Just because they've grown up doesn't mean they've left the nest. Here's how to handle it financially.

If you have an adult child living at home, you’re not alone. The phenomenon dates back to the financial crisis, but has continued—perhaps due to debt. About two-thirds of college graduates have significant student loan debt, which can make it difficult for them to take on all the costs of setting up their own households. And young people generally have higher unemployment rates and earn lower salaries, which can compound the issue.

Whether your child is part of the boomerang generation—having returned home after graduating from college or completing a stint in the military—or never left, here’s how you can watch your finances while helping your son or daughter prepare for the future.

Principle 1: Focus on financial education

For parents, having grown kids at home can create stronger family bonds, but it’s important to be conscious of the costs. More than 80 percent of parents provide financial support to their children during early adulthood.1

Help prepare them for independence: If you shell out financial support, take time to educate your child about budgeting and saving.

  • Talk budgeting. Helping your child understand the importance of creating a budget can give him a leg up. Make an appointment for you and your child to discuss options with a banking specialist from Bank of America.
  • Try a personal finance exercise. Consider giving him a lump sum or an allowance, for instance, and helping him track where his money goes.
  • Set a benchmark. Together with your child, determine a savings goal or a financial benchmark for him to hit and a plan to reach it. When he meets it, it's time for him to tackle his next goal.
  • Bonus steps. Once he masters managing a budget, help him develop more advanced money habits, such as weighing whether to pay back student loans early or save money for the future.

Principle 2: Establish new rules

While your child lives with you, make sure the terms are clear.

  • Develop a timeline.
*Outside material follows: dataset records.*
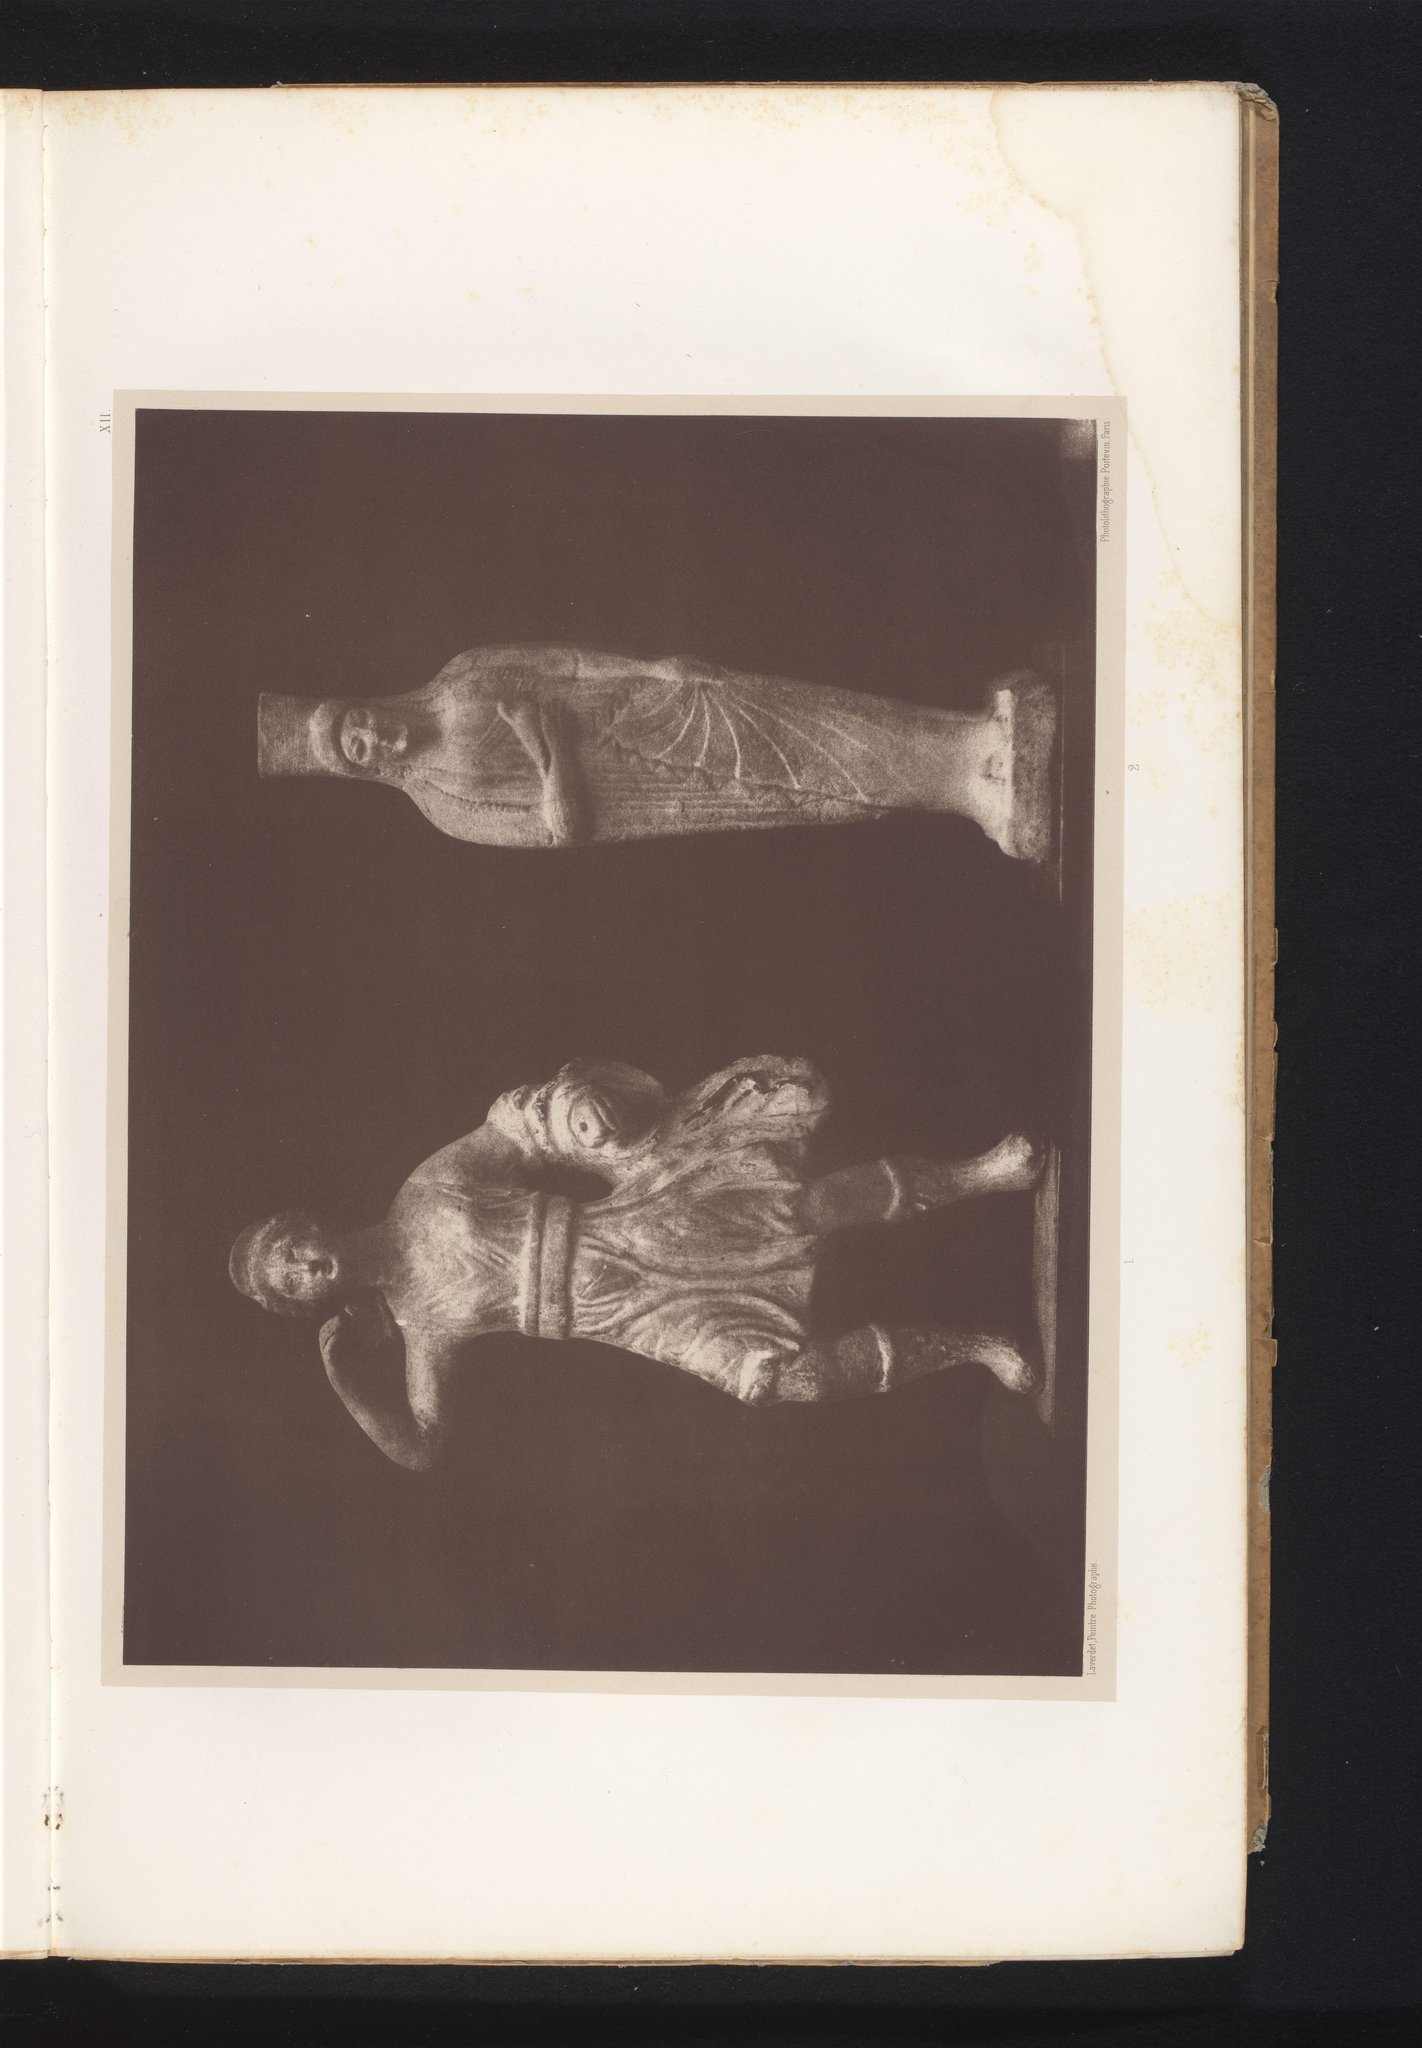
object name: page
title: Twee terracotta sculpturen van Diana en Proserpina
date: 1852-1857
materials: paper
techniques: photolithography
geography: paris
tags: (story of) proserpina (persephone, core), libera, (story of) diana (artemis), piece of sculpture, reproduction of a piece of sculpture (+ clay, sand, etc. ~ arts)
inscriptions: number: ‘1. 2.’, number: ‘XII.’

Know how long your child plans to stay with you, and make sure that time frame works for you.
  • Agree on his contributions. Make it clear how he will offset the costs to you of having him in your home. Will he pay a portion of the rent or mortgage, utilities, food or gas for the car? Discuss the household financial expectations you have for your young adult living at home. It's a good time to discuss his help with household chores as well, including whether you're willing to barter help with special projects, such as painting the house, for his share of costs.
  • Cut down debt. No matter what, your child should not incur new debt while living at home and should focus on paying down existing debts. For example, does he need to pay off student loans? Does he have credit card debt? Talk to him about which expenses are necessary, and which can be trimmed or even eliminated.
  • Support career goals—and income plans. If your child doesn't have a job, what are his plans for getting one? Discuss using the opportunity of living at home to take a part-time job or an internship that could help him build experience. Help him understand it's important to prospective future employers to see progress along a chosen path.

Principle 3: Take care of your own business

Don't jeopardize your finances and retirement while helping your child. It may be tempting to pay your child's student loans or cell phone bill, but do so only when it doesn't negatively impact your own plans. If you make big sacrifices for your child now, you may find yourself facing your own financial challenges in retirement.

Remember, you're both working toward a major goal: financial independence, at every stage in your adult lives.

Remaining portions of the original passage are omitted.